In the present invention, the lower rubber stopper F211 having the O-ring shape is convex toward an upper direction of the intermediate tube F113. Therefore, the lower rubber stopper F211 contacts an inner wall surface of the skirt part F2 of the cap F, which can prevent the lower rubber stopper F211 from falling off.

In the present invention, the fitting part F11 has an approximately T-shape and includes the upper surface F115, the upper rubber stopper F111, and the lower surface F114 in the lip F112, in which a contact surface with respect to the medical instrument contacts at least one place in the upper surface F115 or the lower surface F114. Therefore, the cap F according to the present invention can be fitted to the medical instrument used for the CSTD more positively.

Next, a half-capped state on the pharmaceutical container A will be explained as an example of the embodiment of the cap F according to the present invention in FIG. 2, and a full-capped state on the pharmaceutical container A will be explained as an example of the embodiment of the cap F according to the present invention in FIG. 3.

As illustrated in FIG. 2, the cap F can be held in a half-capped state on the pharmaceutical container A by the fitting member F3 provided in the skirt part F2 of the cap F in the present invention. The half-capped state is a state where the lower rubber stopper F211 is separated from the lip A2 of the pharmaceutical container A. A concave portion F33 of the fitting member F3 is fitted to a convex portion F23 provided inside the skirt part F2, and part of the locking claw F32 contacts an upper surface of the lip A2. The half-capped state also indicates a state where the plastic cap F is temporarily fixed to the lip A2 of the pharmaceutical container A, and the interior of the pharmaceutical container A communicates with outside air through a space (gap) between the lip A2 and the lowermost surface of the skirt part F2.

FIG. 3 illustrates a state where the skirt part F2 of the cap F is fully capped on the pharmaceutical container A by the fitting member F3. The full-capped state is a state where the lower rubber stopper F211 contacts the lip A2 of the pharmaceutical container A. The full-capped state also indicates a state where a locking claw F31 provided on an outer side of the fitting member F3 is fitted to a concave portion F21 provided inside the skirt part F2, and the locking claw F32 contacting the upper surface of the lip A2 slides on a side surface of the lip A2 to be locked on a lower surface of the lip A2.

When the full capping is executed, as illustrated in FIG. 3, the plastic cap F is in a state of being locked with the lip A2 of the pharmaceutical container A, the lip A2 contacts the lower rubber stopper F211, and the space (gap) above the lip A2 is blocked; therefore, the interior of the pharmaceutical container A does not communicate with outside air.

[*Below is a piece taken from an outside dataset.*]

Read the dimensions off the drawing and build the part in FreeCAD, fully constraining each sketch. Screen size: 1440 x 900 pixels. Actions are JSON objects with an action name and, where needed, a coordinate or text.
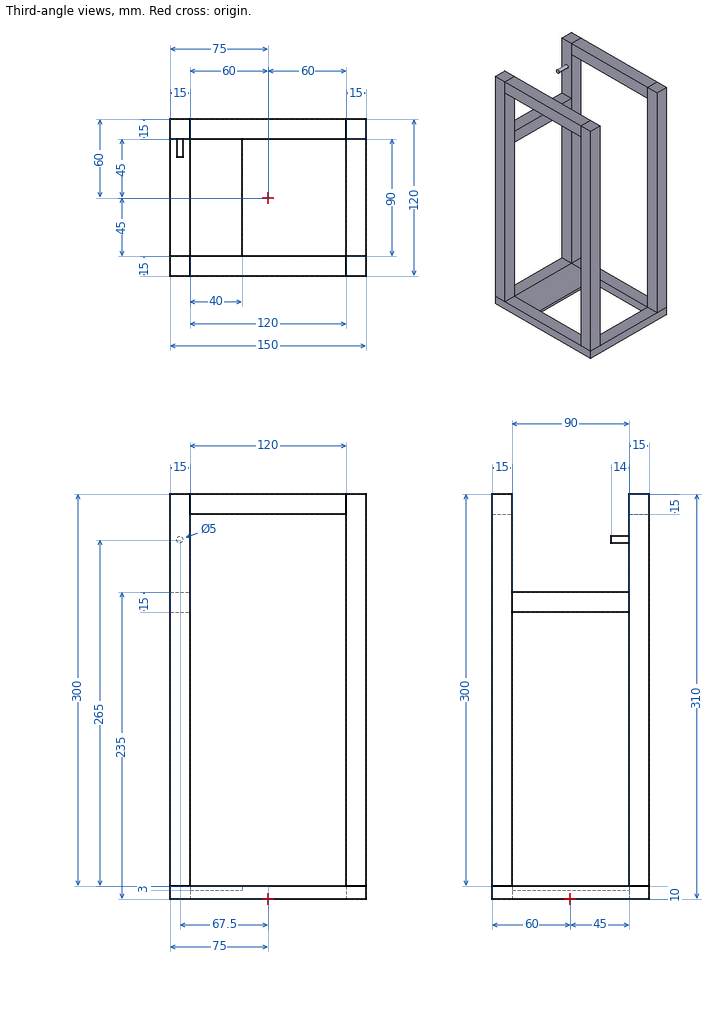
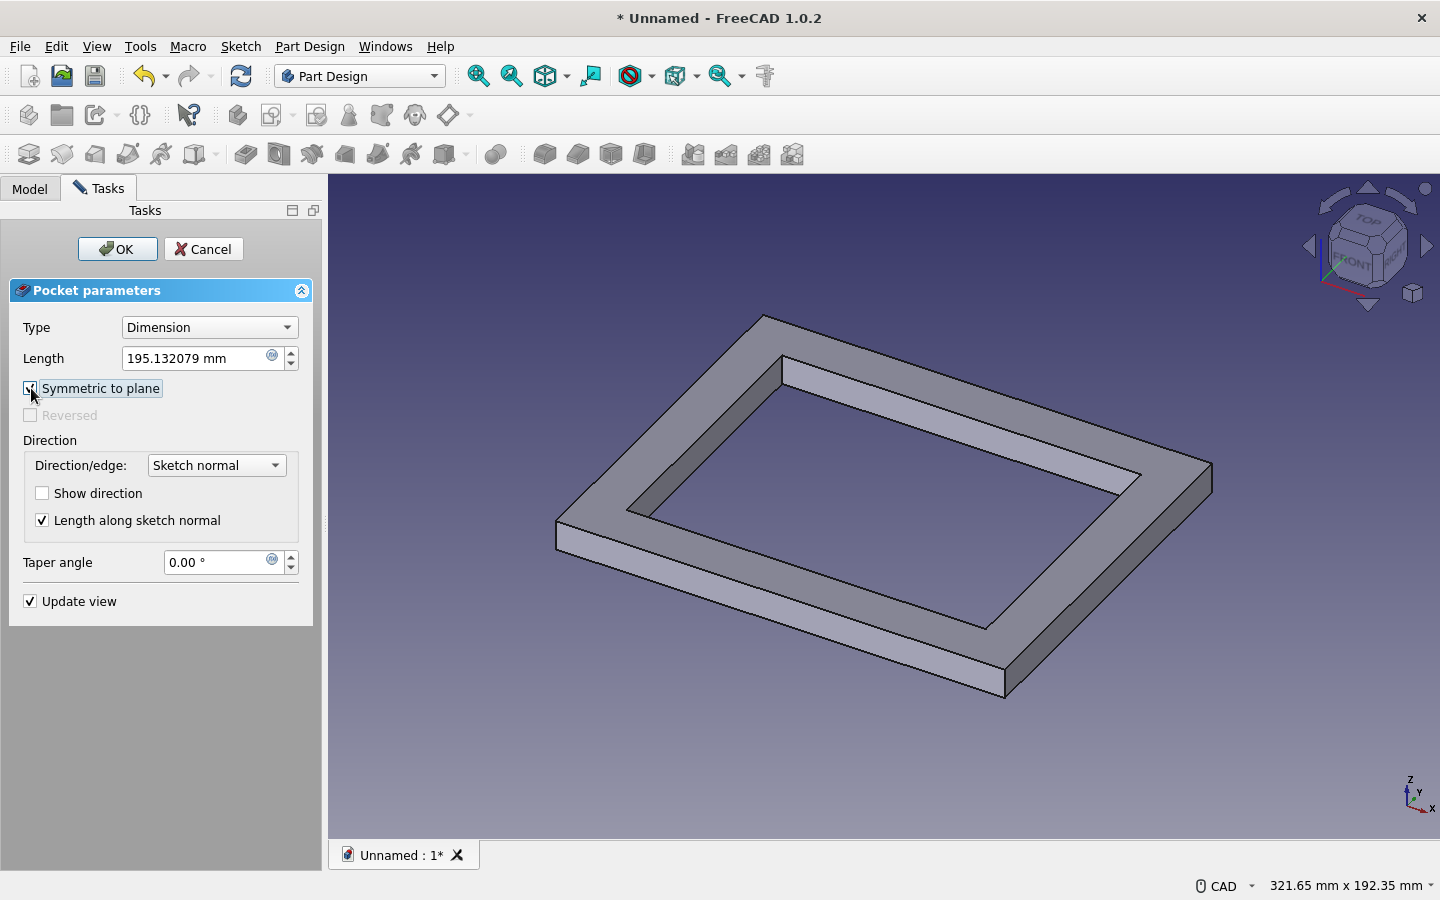
{"action": "left_click", "coordinate": [118, 249]}

Consequently, the cap F according to the present invention is extremely effective, for example, in a case where the drug loaded in the pharmaceutical container A is lyophilized. When using the cap F according to the present invention, for example, gas generated in the pharmaceutical container A in a lyophilization process can be exhausted quickly along the space (gap) existing in the lip A2, and, at the same time, the rubber stopper can be capped extremely quickly by using a capping machine or the like after the lyophilization is completed as illustrated in FIG. 3. Therefore, the airtightness inside the pharmaceutical container A can be secured.

Next, the relationship of forces (forces f1 to f3) for climbing over respective members will be explained as an example from FIG. 2 onward by focusing on a motion for covering the fitting member F3 by the skirt part F2.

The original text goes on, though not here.